E querem isso para já! Com o objetivo de alcançar metas de maneira mais rápida e focada, muitas pessoas têm recorrido ao auxílio do coaching. Essa é uma metodologia de autodesenvolvimento, na qual um profissional chamado de coach trabalha em conjunto com o seu cliente, o coachee. O objetivo é contribuir para que o cliente alcance transformações de natureza emocional e comportamental que possibilitem a realização de metas capazes de melhorar seu desempenho tanto em âmbito pessoal quanto profissional.

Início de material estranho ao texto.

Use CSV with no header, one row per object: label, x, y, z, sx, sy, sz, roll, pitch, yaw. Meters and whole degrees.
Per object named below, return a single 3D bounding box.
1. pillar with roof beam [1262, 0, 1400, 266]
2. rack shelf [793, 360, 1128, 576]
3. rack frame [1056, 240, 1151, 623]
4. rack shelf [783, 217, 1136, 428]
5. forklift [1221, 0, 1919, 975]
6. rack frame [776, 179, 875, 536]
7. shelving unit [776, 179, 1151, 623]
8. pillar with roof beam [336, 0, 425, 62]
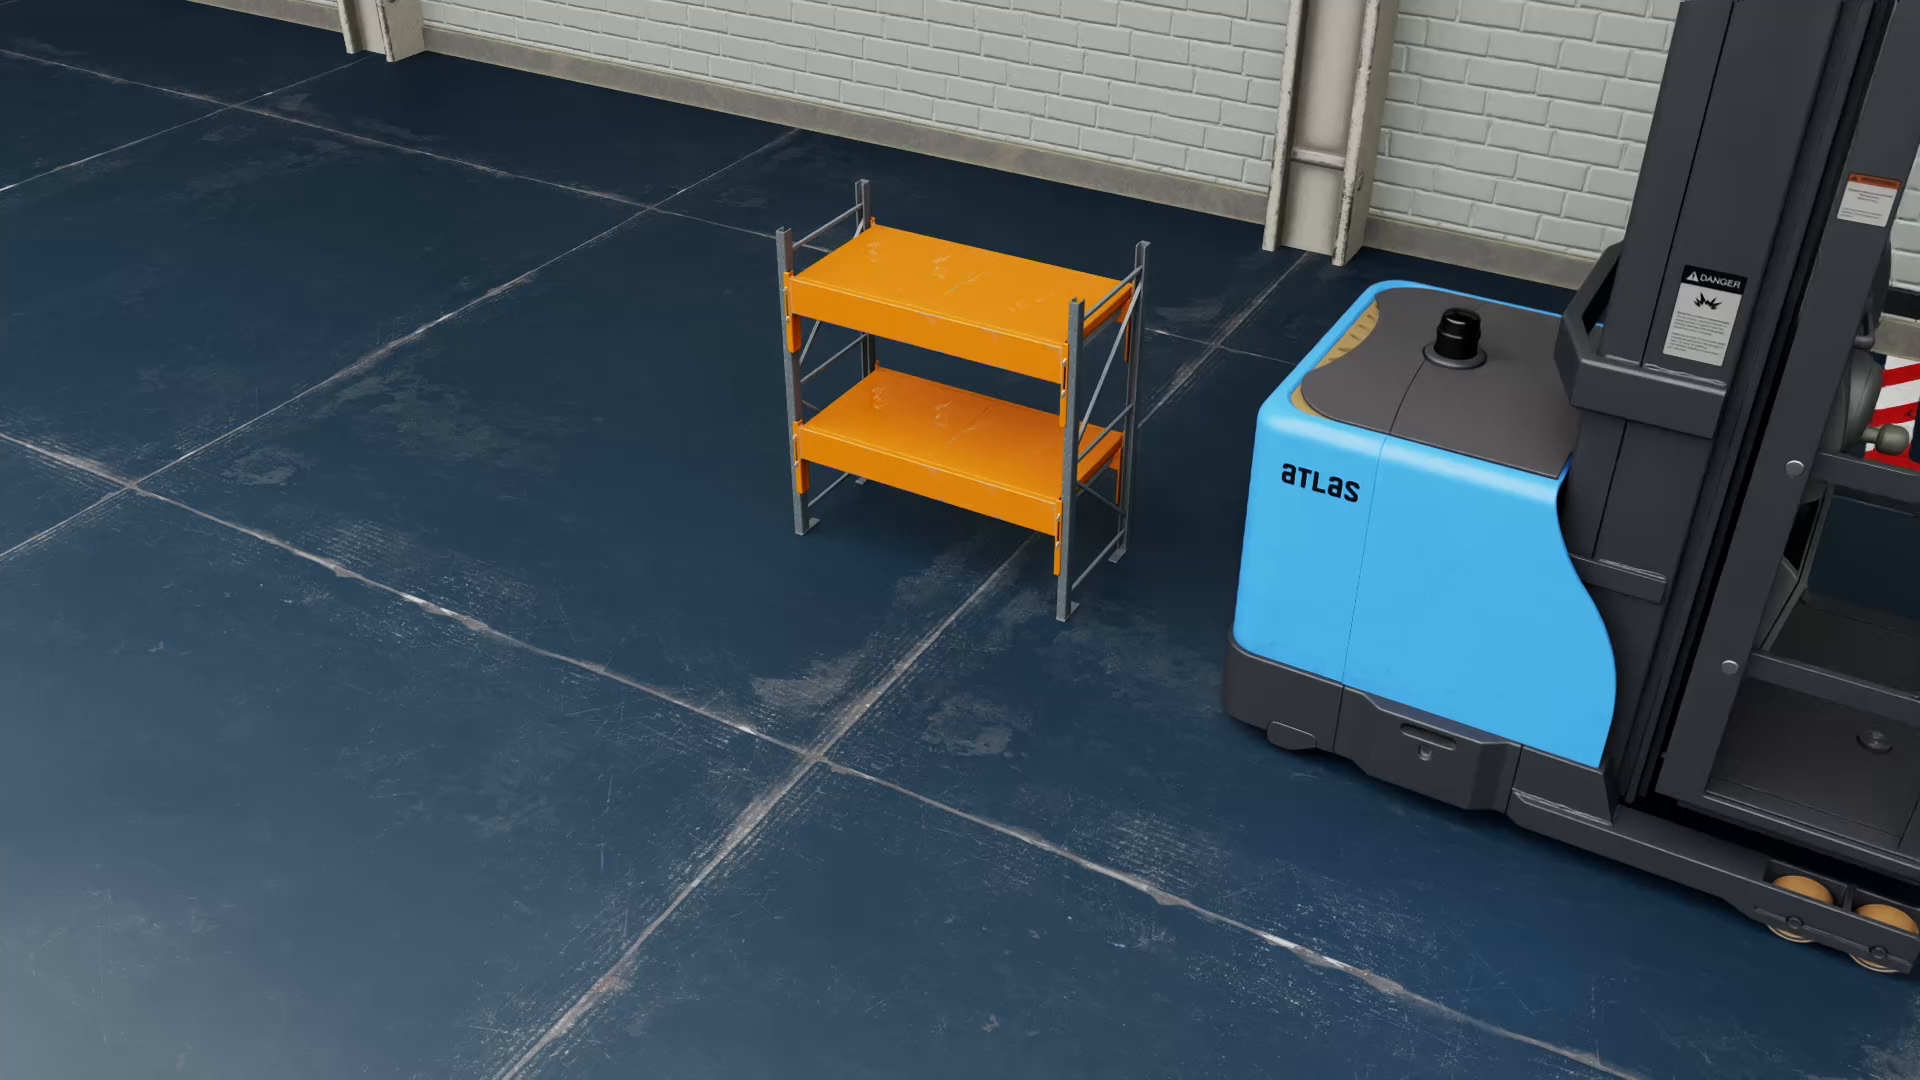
pillar with roof beam,-0.472,-3.058,2.224,0.400,9.000,9.100,18,37,24
rack shelf,0.006,-0.263,5.571,1.000,0.278,0.538,18,37,24
rack frame,0.447,-0.327,5.225,0.032,1.125,0.500,18,37,24
rack shelf,0.006,-0.710,5.273,1.000,0.278,0.538,18,37,24
forklift,2.300,-0.485,3.833,3.031,2.935,1.130,18,38,25
rack frame,-0.435,-0.606,5.645,0.032,1.125,0.500,18,37,24
shelving unit,0.006,-0.466,5.435,1.048,1.125,0.538,18,37,24
pillar with roof beam,-5.681,-4.709,4.702,0.400,9.000,9.100,18,37,24

Hoje vemos coaches focados em diversos segmentos: carreira, vida amorosa, emagrecimento... Tem até coaching de vida! Como vivemos em uma era de imediatismos, quem tem um sonho tem pressa. E os coaches surgem em um contexto de um mundo globalizado, competitivo e conectado, que parece não ter lugar para quem ainda não sabe onde quer chegar.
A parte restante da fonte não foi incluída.